Now, product of zeroes = 1(1 – b)(1 + b)
-s/p = 1 – b²
-1/1 = 1 – b²
b² = 1 + 1 = 2
b = ±√2
Hence,1 – √2, 1 ,1 + √2 are the zeroes of x³– 3x² + x + 1.

4. If two zeroes of the polynomial x⁴– 6x³– 26x² +138x – 35 are 2 ±√3, find other zeroes.

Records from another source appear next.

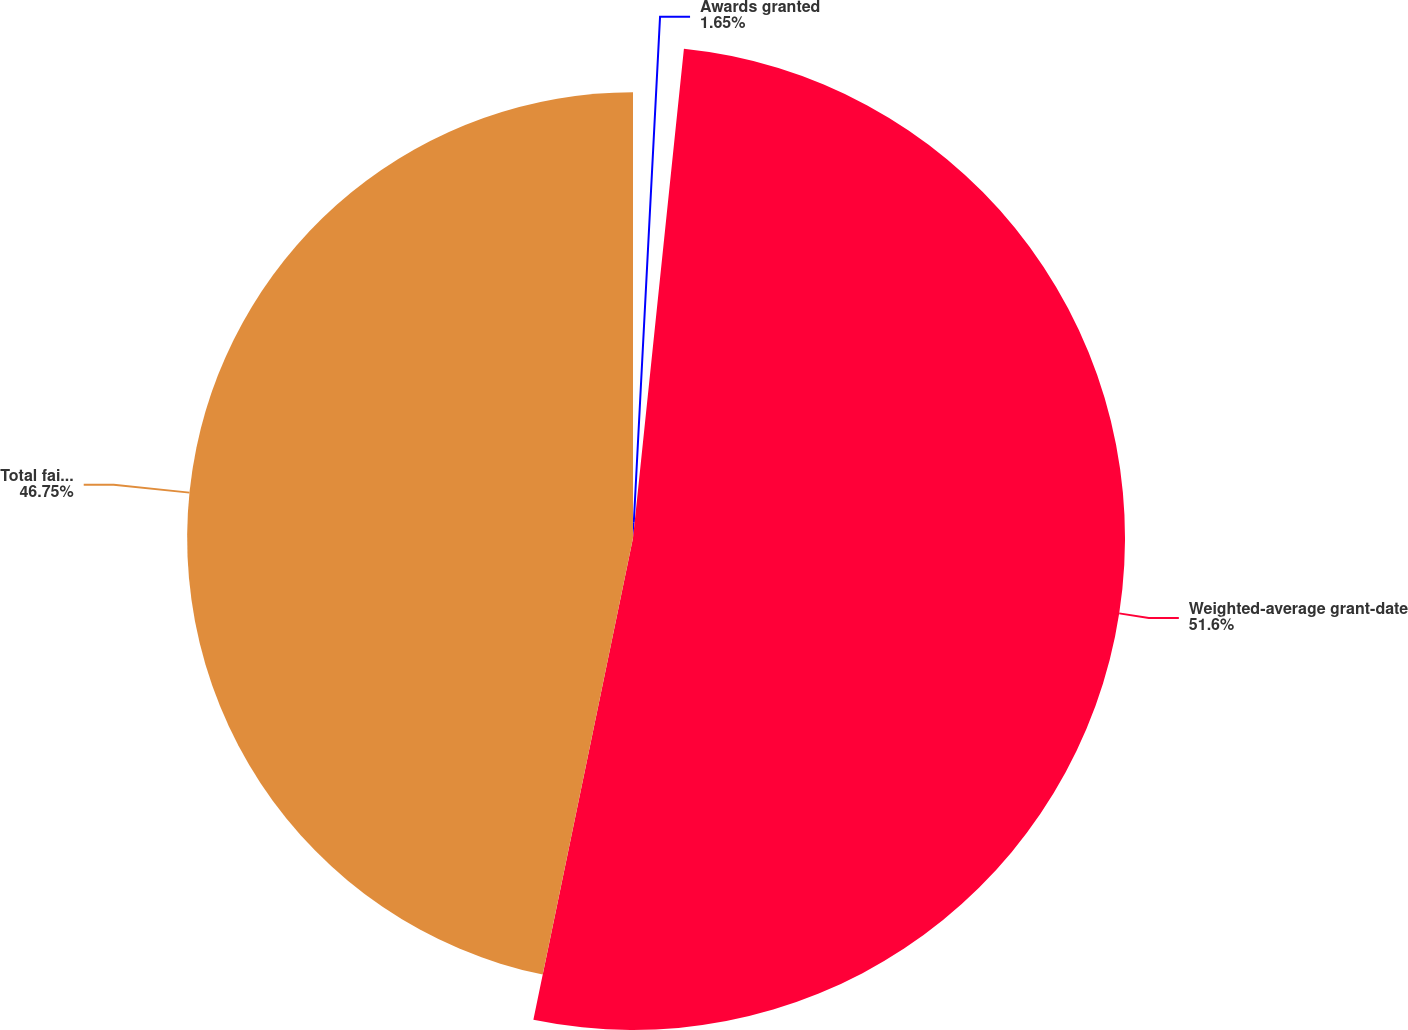Convert chart to OTSL. <chart><loc_0><loc_0><loc_500><loc_500><pie_chart><fcel>Awards granted<fcel>Weighted-average grant-date<fcel>Total fair value of vested<nl><fcel>1.65%<fcel>51.59%<fcel>46.75%<nl></chart> 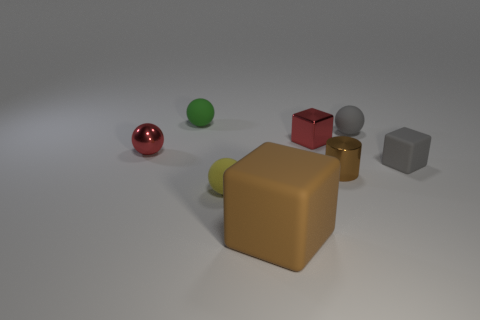Are there any other things that have the same size as the brown rubber object?
Make the answer very short. No. How many objects are tiny metal cubes or large cyan things?
Your response must be concise. 1. Are there any blocks that have the same material as the small brown cylinder?
Your answer should be compact. Yes. What size is the cube that is the same color as the cylinder?
Give a very brief answer. Large. There is a small cube on the left side of the rubber cube behind the large rubber block; what color is it?
Ensure brevity in your answer.  Red. Is the brown shiny cylinder the same size as the gray block?
Keep it short and to the point. Yes. What number of cubes are either brown objects or tiny rubber things?
Your answer should be very brief. 2. There is a small block left of the gray rubber ball; what number of tiny green rubber balls are in front of it?
Ensure brevity in your answer.  0. Do the small green matte object and the yellow object have the same shape?
Your response must be concise. Yes. What is the size of the gray thing that is the same shape as the green object?
Offer a very short reply. Small.

Solution: Since this is a polynomial equation of degree 4, hence there will be total 4 roots.
Let f(x) = x⁴– 6x³– 26x² + 138x – 35
Since 2 + √3 and 2 – √3 are zeroes of given polynomial f(x).
∴ [x − (2 + √3)] [x − (2 – √3)] = 0
(x − 2 − √3)(x − 2 + √3) = 0
On multiplying the above equation we get,
x²– 4x + 1, this is a factor of a given polynomial f(x).
Now, if we will divide f(x) by g(x), the quotient will also be a factor of f(x) and the remainder will be 0.

So, x⁴ – 6x³– 26x² + 138x – 35 = (x²– 4x + 1)(x² – 2x − 35)
Now, on further factorizing (x² – 2x − 35) we get,
x²– (7 − 5)x − 35 = x²– 7x + 5x + 35 = 0
x(x −7) + 5(x − 7) = 0
(x + 5)(x − 7) = 0
So, its zeroes are given by:
x= − 5 and x = 7.
Therefore, all four zeroes of given polynomial equation are: 2 + √3 , 2 – √3, −5 and 7.